Understanding Signatures

The signature naming scheme for LMD is a little confusing and something I’ve received more than a few questions about, more so about what the *.unclassed signatures mean. The naming scheme (to me) is straight forward and breaks down as follows:

{SIG_FORMAT}lang/vector.type.name.ID#

The ‘SIG_FORMAT’ is either HEX or MD5 reflecting the internal format of the signature, the ‘lang/vector’ is the language or attack vector of the malware, ‘type’ is a short descriptive field for what the malware does (i.e: ircbot, mailer, injection etc…), ‘name’ is a short descriptive name unique to the piece of malware and ‘ID#’ is the internal signature ID number.

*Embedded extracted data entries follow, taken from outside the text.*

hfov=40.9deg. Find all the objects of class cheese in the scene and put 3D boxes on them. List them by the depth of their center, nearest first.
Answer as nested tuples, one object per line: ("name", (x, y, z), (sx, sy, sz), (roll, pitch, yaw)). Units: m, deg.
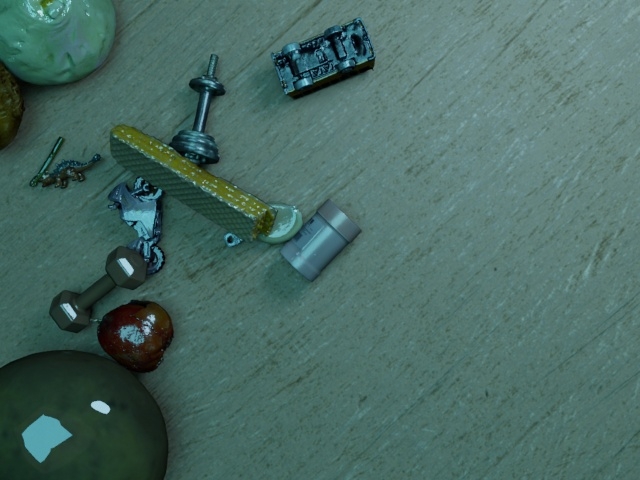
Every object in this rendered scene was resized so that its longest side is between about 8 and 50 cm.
("cheese", (-0.121, -0.037, 1.798), (0.171, 0.047, 0.092), (-4, 87, 5))

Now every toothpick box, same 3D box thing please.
("toothpick box", (0.000, 0.000, 1.761), (0.098, 0.098, 0.149), (44, 92, 5))

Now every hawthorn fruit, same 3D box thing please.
("hawthorn fruit", (-0.389, 0.188, 1.761), (0.172, 0.148, 0.148), (19, 90, -2))

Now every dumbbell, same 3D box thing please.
("dumbbell", (-0.459, 0.102, 1.774), (0.231, 0.092, 0.082), (-35, 122, 20))
("dumbbell", (-0.248, -0.267, 1.793), (0.110, 0.110, 0.255), (10, 83, 5))

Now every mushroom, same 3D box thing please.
("mushroom", (-0.722, -0.302, 1.770), (0.253, 0.253, 0.153), (45, 56, 4))

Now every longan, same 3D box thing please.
("longan", (-0.497, 0.391, 1.672), (0.404, 0.336, 0.405), (0, 117, -1))

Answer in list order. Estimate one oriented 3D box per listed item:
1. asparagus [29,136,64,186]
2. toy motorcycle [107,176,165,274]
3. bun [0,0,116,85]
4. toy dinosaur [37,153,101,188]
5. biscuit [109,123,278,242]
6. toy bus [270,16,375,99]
("asparagus", (-0.592, -0.169, 1.856), (0.018, 0.015, 0.127), (33, 91, 14))
("toy motorcycle", (-0.388, -0.035, 1.805), (0.122, 0.080, 0.215), (0, 91, 4))
("bun", (-0.549, -0.444, 1.739), (0.283, 0.179, 0.283), (-7, 112, -18))
("toy dinosaur", (-0.536, -0.148, 1.835), (0.154, 0.049, 0.055), (-23, 83, 9))
("biscuit", (-0.266, -0.115, 1.747), (0.378, 0.094, 0.054), (31, 55, 6))
("toy bus", (0.013, -0.370, 1.765), (0.201, 0.114, 0.098), (-21, 86, 9))

What some people appear confused about is signatures such as ‘{HEX}base64.inject.unclassed.7’ that use the term “unclassed” for the name field. Essentially, signatures that are unclassed represent a group of malware that is not necessarily unique from each other but that follows the same attack vector, such as base64 encoded scripts; there are hundreds of these scripts and in encoded form it doesn’t really matter what they do, we are detecting the encoded format not the decoded, so they get lumped together. In other instances, I will throw some malware into an unclassed group when it is very new and I have not had time yet for processing it into its own classification, for example the web.malware.unclassed is a dumping ground for allot of malware that is newly submitted, which I have reviewed and confirmed IS MALWARE but have not yet classified it or determined if it is a variant of an existing malware classification.

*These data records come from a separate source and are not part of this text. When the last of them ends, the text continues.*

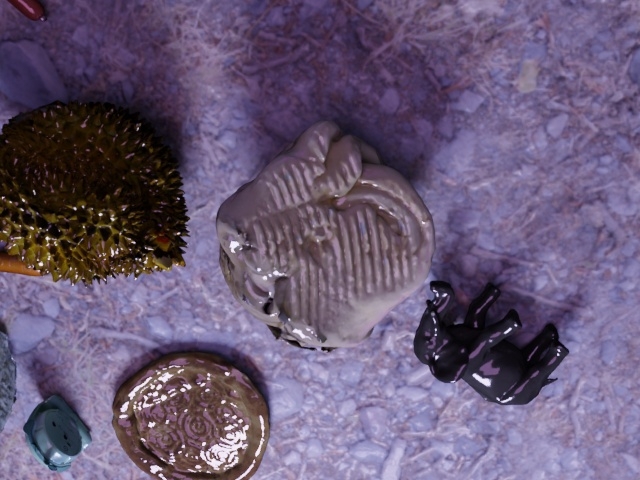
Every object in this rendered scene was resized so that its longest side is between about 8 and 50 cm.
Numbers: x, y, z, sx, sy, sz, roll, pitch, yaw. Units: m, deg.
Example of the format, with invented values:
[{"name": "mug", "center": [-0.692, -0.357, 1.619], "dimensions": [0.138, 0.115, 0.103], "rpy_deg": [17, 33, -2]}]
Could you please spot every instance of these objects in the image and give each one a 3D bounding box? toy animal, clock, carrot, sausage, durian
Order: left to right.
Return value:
[{"name": "sausage", "center": [-0.464, -0.378, 1.606], "dimensions": [0.223, 0.029, 0.029], "rpy_deg": [41, 110, -7]}, {"name": "carrot", "center": [-0.498, 0.028, 1.752], "dimensions": [0.190, 0.037, 0.037], "rpy_deg": [6, 110, 8]}, {"name": "clock", "center": [-0.407, 0.305, 1.784], "dimensions": [0.041, 0.135, 0.101], "rpy_deg": [-32, 103, 17]}, {"name": "durian", "center": [-0.315, -0.059, 1.591], "dimensions": [0.293, 0.258, 0.258], "rpy_deg": [6, 111, -13]}, {"name": "toy animal", "center": [0.232, 0.149, 1.645], "dimensions": [0.245, 0.114, 0.146], "rpy_deg": [38, 110, -6]}]

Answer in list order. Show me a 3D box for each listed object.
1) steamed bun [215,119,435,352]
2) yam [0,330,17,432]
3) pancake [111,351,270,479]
[{"name": "steamed bun", "center": [0.000, 0.000, 1.593], "dimensions": [0.280, 0.207, 0.268], "rpy_deg": [-45, 99, -8]}, {"name": "yam", "center": [-0.635, 0.237, 1.748], "dimensions": [0.348, 0.241, 0.241], "rpy_deg": [-25, 104, 19]}, {"name": "pancake", "center": [-0.194, 0.285, 1.800], "dimensions": [0.250, 0.031, 0.250], "rpy_deg": [2, 109, 6]}]

It needs to be understood that the processing of malware is mostly a manual task, though there are some elements of it that are automated, the actual review of each malware file is done by hand to remove the chance of false positives — keeping LMD accurate and reliable. As such, not all malware makes it into a classification group right away, the important part is that malware is reviewed, verified and signatures generated for it in a timely fashion. I process malware daily from the network edge IPS system at work, from user submitted files and from various malware news groups / web sites and the priority is getting the signatures up for in the wild threats. The signature name/classification serves informative purposes, yes it is important but not as important as the actual verification and signature generation.